Social insect colonies are among the most complex social organisations in nature, with reproductive and non-reproductive individuals co-ordinating to maintain the survival of the colony.

Multiple reproductive schemes occur in social insects, from simple schemes with one founding reproductive pair, to more complex ones involving within-colony inbreeding and more than two unrelated reproductives.

Colony breeding schemes and genetic structure remain understudied in termites, compared to the Hymenoptera. In this study, we performed the first genetic characterisation of the colony breeding structure of Nasutitermes exitiosus (Blattodea: Termitidae), an endemic Australian termite with a broad distribution across southern mainland Australia.
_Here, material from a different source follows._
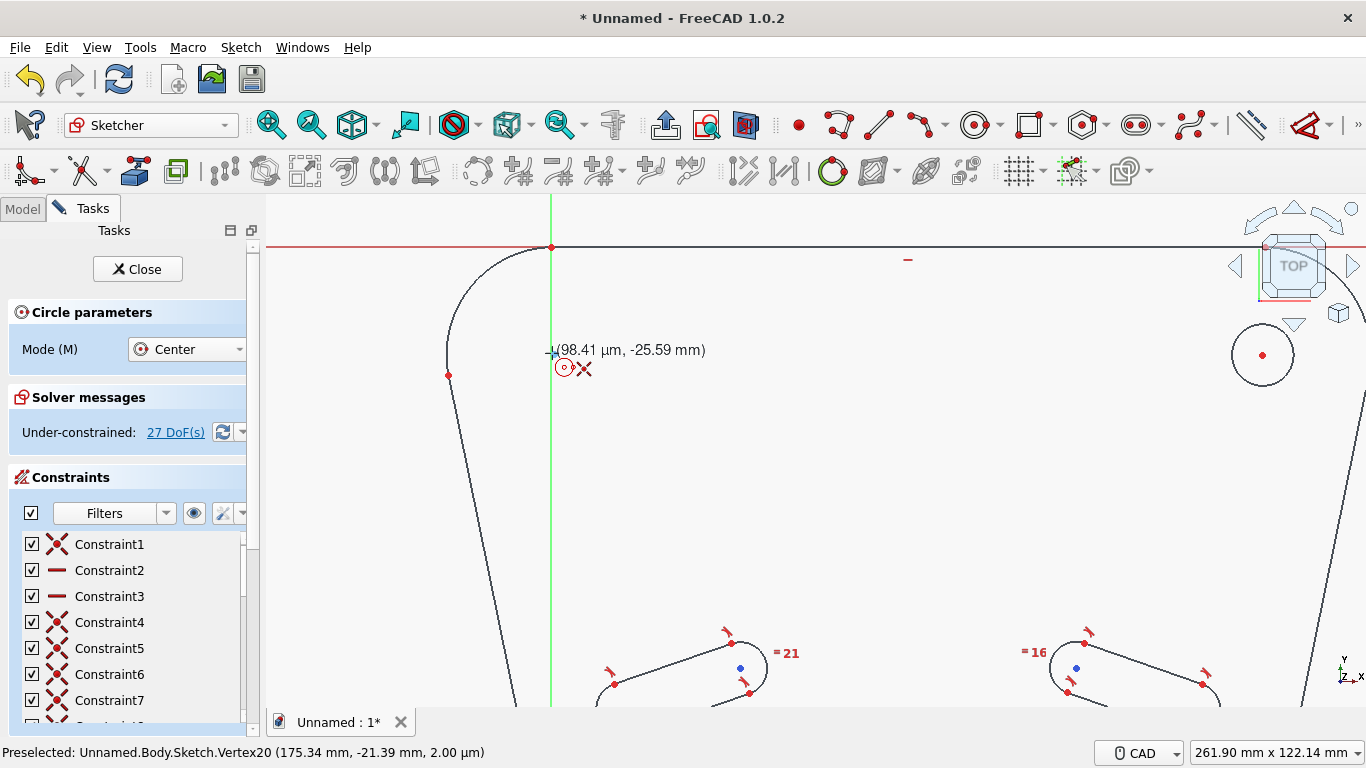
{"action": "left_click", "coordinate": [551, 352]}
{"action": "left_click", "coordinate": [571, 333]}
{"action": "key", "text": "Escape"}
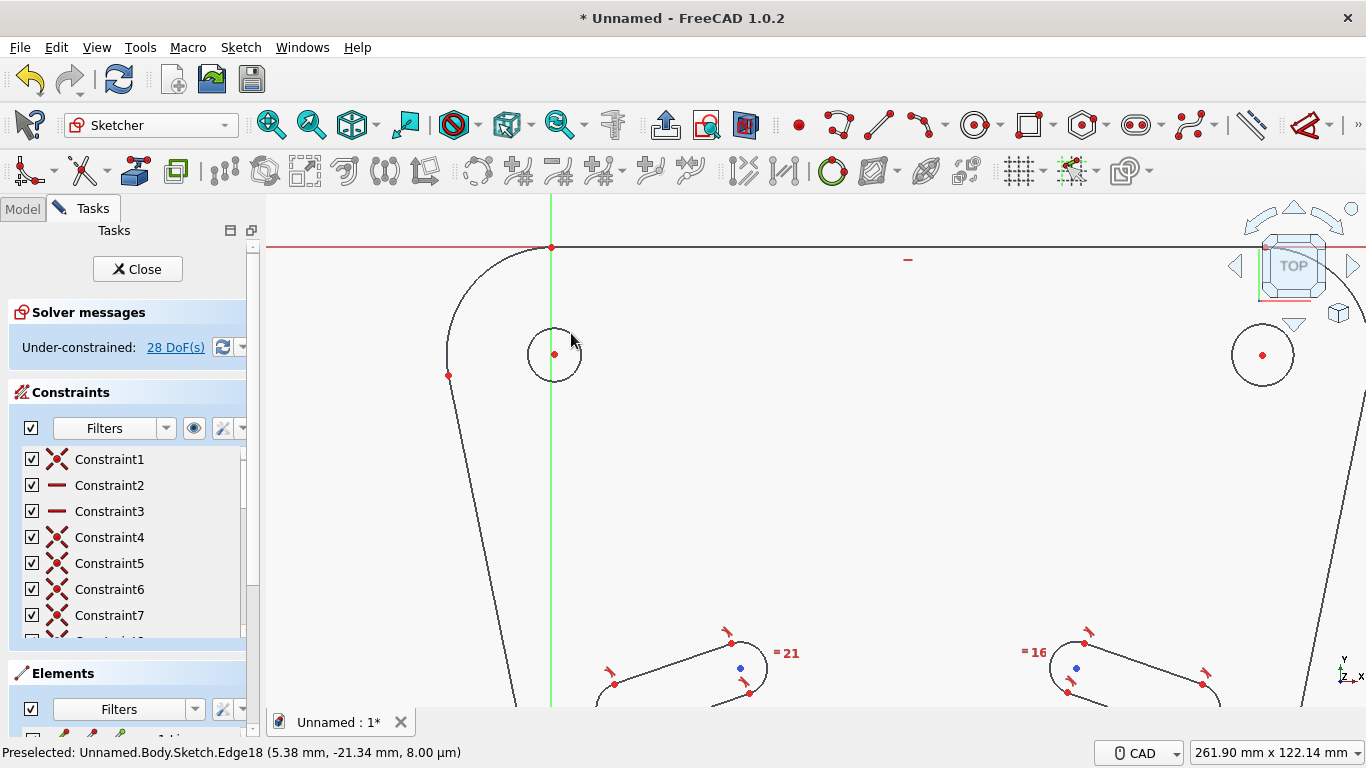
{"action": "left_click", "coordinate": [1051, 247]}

We analysed the genetic structure of 60 N. exitiosus colonies from the Eastern part of its distribution, using microsatellites and mitochondrial sequence data. We found that most colonies were headed by one founding pair of reproductives, although some colonies exhibited a more complex breeding structure, including within-colony inbreeding and the presence of multiple unrelated reproductives.

We found evidence for the presence of seven unrelated queens in one colony, to our knowledge, the highest number of unrelated queens yet found in a termite from the family Termitidae. We found some evidence for genetic isolation by distance, indicating that the species is a relatively poor disperser over long ranges.